→ What to produce
Only the lines below starting at the one that contains "Would you mind" and ending at the one that contains "46. cardboard box <box>156,205,299,277</box>" are to be reproduced, exactly and with both ends kept.

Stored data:

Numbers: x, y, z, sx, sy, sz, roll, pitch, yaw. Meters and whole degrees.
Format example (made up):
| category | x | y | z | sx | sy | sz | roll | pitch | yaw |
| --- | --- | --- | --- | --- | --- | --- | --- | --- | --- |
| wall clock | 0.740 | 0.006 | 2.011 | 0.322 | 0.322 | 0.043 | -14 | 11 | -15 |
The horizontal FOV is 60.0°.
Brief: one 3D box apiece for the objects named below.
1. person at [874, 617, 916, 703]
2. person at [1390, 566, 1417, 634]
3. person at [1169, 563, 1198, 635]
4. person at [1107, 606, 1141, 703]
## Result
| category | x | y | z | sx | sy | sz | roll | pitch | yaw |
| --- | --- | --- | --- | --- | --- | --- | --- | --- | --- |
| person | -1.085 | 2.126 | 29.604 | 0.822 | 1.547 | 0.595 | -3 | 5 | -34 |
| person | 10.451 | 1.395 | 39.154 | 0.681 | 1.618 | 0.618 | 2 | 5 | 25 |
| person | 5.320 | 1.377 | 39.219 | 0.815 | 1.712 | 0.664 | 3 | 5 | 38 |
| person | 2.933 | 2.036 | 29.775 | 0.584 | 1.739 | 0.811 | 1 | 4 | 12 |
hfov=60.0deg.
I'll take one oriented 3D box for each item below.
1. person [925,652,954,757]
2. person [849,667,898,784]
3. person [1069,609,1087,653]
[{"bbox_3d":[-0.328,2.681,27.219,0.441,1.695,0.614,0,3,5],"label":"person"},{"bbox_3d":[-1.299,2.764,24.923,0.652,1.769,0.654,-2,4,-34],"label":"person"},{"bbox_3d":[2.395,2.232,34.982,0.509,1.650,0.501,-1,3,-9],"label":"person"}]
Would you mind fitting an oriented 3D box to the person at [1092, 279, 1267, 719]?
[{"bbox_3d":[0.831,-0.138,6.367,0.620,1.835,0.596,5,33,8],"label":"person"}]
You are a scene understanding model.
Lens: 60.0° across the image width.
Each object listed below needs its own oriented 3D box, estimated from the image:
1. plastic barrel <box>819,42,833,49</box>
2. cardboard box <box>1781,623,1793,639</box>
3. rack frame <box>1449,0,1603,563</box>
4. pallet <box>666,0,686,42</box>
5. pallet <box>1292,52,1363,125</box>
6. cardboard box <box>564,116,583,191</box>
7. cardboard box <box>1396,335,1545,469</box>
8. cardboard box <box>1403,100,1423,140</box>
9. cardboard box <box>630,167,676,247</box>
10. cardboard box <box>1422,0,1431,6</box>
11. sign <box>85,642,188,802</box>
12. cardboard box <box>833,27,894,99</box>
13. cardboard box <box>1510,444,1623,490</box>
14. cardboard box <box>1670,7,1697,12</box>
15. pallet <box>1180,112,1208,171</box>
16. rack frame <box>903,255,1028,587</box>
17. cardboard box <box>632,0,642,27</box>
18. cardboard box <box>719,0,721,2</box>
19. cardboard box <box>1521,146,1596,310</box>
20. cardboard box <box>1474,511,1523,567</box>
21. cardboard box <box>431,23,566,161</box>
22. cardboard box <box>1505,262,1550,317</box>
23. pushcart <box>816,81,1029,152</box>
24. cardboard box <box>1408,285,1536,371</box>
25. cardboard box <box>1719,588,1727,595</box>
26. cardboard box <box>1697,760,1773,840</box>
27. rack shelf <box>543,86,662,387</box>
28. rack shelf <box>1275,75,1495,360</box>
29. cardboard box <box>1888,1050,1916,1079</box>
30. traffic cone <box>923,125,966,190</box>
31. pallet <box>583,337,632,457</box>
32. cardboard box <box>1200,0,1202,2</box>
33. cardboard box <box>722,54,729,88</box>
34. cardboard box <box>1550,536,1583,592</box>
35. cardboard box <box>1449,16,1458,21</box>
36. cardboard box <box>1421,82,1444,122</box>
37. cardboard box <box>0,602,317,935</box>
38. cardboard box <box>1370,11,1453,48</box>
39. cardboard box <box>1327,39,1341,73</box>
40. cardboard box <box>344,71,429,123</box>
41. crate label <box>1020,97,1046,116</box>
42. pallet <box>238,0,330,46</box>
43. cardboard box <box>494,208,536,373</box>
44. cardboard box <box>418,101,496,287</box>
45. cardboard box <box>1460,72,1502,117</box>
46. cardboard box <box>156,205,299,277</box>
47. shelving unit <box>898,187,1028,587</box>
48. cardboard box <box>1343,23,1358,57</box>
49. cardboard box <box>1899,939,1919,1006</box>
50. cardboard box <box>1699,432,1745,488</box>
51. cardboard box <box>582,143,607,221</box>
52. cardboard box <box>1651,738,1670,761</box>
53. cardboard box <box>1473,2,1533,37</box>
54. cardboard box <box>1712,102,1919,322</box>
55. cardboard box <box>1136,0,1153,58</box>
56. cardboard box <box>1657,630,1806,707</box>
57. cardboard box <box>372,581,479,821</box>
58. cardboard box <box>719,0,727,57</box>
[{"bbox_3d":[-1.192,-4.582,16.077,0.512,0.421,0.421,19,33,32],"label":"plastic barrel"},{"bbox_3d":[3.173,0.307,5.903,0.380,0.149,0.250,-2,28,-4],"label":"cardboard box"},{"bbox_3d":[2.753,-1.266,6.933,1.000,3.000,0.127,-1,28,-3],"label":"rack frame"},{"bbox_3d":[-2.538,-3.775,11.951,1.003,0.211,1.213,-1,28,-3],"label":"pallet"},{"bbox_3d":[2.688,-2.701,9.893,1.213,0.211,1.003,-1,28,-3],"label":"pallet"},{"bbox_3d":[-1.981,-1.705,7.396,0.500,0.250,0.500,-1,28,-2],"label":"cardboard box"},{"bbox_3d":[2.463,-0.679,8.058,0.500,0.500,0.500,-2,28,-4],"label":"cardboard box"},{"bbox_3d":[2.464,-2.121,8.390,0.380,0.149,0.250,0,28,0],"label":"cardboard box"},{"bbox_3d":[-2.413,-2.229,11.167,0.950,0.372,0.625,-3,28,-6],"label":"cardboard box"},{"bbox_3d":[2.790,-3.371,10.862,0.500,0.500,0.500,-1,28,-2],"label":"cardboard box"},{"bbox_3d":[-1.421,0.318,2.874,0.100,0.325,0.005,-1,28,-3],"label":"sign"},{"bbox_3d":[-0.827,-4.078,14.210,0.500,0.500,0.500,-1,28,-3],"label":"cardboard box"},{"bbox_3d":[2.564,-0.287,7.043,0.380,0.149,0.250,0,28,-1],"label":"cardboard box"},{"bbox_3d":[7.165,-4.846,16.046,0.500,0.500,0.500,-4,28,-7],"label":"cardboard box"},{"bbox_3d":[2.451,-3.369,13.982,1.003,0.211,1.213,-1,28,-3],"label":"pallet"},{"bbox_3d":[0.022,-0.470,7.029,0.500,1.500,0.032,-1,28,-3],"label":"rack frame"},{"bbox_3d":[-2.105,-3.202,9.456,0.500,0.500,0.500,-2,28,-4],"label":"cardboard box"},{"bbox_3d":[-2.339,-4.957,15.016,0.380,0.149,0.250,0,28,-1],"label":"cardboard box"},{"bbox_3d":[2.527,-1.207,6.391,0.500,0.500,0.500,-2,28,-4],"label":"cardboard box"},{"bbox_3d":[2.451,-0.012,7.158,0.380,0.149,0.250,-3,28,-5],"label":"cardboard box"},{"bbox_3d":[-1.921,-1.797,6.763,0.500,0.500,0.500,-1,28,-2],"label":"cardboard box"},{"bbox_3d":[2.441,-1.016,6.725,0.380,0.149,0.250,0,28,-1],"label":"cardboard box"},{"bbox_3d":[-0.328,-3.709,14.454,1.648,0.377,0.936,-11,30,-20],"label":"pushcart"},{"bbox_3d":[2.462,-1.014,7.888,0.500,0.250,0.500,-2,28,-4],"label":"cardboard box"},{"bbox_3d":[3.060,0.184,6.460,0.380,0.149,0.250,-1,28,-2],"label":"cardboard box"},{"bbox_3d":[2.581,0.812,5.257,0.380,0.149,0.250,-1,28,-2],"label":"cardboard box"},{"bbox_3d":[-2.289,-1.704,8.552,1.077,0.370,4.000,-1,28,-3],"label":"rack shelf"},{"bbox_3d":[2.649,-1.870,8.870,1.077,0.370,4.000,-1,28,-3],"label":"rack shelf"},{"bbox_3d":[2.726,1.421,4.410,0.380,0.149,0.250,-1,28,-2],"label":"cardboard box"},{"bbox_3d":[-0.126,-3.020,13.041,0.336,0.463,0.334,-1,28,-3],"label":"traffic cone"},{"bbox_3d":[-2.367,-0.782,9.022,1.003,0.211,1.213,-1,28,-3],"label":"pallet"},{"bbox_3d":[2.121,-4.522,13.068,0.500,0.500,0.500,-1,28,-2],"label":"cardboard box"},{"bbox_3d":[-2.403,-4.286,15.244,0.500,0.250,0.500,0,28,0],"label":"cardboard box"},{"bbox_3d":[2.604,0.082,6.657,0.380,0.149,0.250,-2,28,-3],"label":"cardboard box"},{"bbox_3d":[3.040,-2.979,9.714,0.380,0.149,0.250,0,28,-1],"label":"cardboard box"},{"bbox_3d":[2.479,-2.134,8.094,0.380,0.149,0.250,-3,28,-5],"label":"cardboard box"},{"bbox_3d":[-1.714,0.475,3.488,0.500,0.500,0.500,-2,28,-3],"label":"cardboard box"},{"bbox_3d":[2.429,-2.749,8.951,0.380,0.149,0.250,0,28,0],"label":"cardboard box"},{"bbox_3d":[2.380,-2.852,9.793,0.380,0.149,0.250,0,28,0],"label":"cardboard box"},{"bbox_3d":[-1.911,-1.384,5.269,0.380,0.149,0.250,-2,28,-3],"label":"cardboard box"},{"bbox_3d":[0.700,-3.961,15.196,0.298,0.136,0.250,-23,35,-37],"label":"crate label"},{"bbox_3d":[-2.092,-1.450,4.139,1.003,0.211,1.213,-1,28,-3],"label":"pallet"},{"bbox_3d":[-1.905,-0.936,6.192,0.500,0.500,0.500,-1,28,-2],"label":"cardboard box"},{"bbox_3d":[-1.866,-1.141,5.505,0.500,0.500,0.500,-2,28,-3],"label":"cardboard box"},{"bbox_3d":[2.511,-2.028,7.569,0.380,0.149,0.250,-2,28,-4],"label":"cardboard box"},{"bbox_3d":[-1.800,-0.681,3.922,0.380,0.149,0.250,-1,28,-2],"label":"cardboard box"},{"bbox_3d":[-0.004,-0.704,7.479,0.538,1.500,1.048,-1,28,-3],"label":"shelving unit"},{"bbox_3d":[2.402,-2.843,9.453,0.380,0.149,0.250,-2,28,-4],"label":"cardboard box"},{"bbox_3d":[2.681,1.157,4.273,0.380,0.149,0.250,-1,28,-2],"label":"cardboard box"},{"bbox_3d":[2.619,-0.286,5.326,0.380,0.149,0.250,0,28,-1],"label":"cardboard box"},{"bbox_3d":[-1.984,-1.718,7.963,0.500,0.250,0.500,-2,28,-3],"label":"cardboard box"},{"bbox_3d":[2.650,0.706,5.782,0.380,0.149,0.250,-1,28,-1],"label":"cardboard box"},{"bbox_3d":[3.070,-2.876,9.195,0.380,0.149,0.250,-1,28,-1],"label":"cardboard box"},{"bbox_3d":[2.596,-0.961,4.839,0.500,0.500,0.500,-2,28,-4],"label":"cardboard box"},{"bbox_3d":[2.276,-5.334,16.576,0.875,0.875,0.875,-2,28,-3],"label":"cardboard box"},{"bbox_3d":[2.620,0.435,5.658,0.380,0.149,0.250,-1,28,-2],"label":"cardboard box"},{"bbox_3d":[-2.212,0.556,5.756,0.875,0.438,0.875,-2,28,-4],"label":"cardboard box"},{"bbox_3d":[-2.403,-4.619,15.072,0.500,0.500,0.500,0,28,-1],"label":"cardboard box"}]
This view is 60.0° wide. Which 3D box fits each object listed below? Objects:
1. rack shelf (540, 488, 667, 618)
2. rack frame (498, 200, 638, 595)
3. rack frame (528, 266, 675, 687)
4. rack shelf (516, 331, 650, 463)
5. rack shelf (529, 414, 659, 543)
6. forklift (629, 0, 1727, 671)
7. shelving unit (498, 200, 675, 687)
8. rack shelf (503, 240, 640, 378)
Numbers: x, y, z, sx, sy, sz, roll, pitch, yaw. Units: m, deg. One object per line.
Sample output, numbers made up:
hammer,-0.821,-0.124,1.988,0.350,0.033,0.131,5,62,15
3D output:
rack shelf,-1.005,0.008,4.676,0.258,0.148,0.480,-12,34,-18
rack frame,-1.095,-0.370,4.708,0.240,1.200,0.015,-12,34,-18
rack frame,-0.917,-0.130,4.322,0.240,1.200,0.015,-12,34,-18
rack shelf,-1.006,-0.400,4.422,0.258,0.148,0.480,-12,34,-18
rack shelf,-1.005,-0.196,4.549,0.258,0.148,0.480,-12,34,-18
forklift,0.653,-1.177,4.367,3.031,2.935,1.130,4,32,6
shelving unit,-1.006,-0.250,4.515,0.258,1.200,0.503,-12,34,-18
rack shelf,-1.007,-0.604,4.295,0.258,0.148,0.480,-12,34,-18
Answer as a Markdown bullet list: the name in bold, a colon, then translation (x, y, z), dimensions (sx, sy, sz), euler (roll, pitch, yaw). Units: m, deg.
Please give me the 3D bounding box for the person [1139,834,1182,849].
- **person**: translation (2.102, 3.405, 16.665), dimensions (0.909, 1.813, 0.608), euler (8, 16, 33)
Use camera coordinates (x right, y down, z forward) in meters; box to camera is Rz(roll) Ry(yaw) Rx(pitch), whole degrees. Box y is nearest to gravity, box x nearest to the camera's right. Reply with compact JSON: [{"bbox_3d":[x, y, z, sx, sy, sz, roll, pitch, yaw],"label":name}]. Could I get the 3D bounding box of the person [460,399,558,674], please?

→ Task answer
Would you mind fitting an oriented 3D box to the person at [1092, 279, 1267, 719]?
[{"bbox_3d":[0.831,-0.138,6.367,0.620,1.835,0.596,5,33,8],"label":"person"}]
You are a scene understanding model.
Lens: 60.0° across the image width.
Each object listed below needs its own oriented 3D box, estimated from the image:
1. plastic barrel <box>819,42,833,49</box>
2. cardboard box <box>1781,623,1793,639</box>
3. rack frame <box>1449,0,1603,563</box>
4. pallet <box>666,0,686,42</box>
5. pallet <box>1292,52,1363,125</box>
6. cardboard box <box>564,116,583,191</box>
7. cardboard box <box>1396,335,1545,469</box>
8. cardboard box <box>1403,100,1423,140</box>
9. cardboard box <box>630,167,676,247</box>
10. cardboard box <box>1422,0,1431,6</box>
11. sign <box>85,642,188,802</box>
12. cardboard box <box>833,27,894,99</box>
13. cardboard box <box>1510,444,1623,490</box>
14. cardboard box <box>1670,7,1697,12</box>
15. pallet <box>1180,112,1208,171</box>
16. rack frame <box>903,255,1028,587</box>
17. cardboard box <box>632,0,642,27</box>
18. cardboard box <box>719,0,721,2</box>
19. cardboard box <box>1521,146,1596,310</box>
20. cardboard box <box>1474,511,1523,567</box>
21. cardboard box <box>431,23,566,161</box>
22. cardboard box <box>1505,262,1550,317</box>
23. pushcart <box>816,81,1029,152</box>
24. cardboard box <box>1408,285,1536,371</box>
25. cardboard box <box>1719,588,1727,595</box>
26. cardboard box <box>1697,760,1773,840</box>
27. rack shelf <box>543,86,662,387</box>
28. rack shelf <box>1275,75,1495,360</box>
29. cardboard box <box>1888,1050,1916,1079</box>
30. traffic cone <box>923,125,966,190</box>
31. pallet <box>583,337,632,457</box>
32. cardboard box <box>1200,0,1202,2</box>
33. cardboard box <box>722,54,729,88</box>
34. cardboard box <box>1550,536,1583,592</box>
35. cardboard box <box>1449,16,1458,21</box>
36. cardboard box <box>1421,82,1444,122</box>
37. cardboard box <box>0,602,317,935</box>
38. cardboard box <box>1370,11,1453,48</box>
39. cardboard box <box>1327,39,1341,73</box>
40. cardboard box <box>344,71,429,123</box>
41. crate label <box>1020,97,1046,116</box>
42. pallet <box>238,0,330,46</box>
43. cardboard box <box>494,208,536,373</box>
44. cardboard box <box>418,101,496,287</box>
45. cardboard box <box>1460,72,1502,117</box>
46. cardboard box <box>156,205,299,277</box>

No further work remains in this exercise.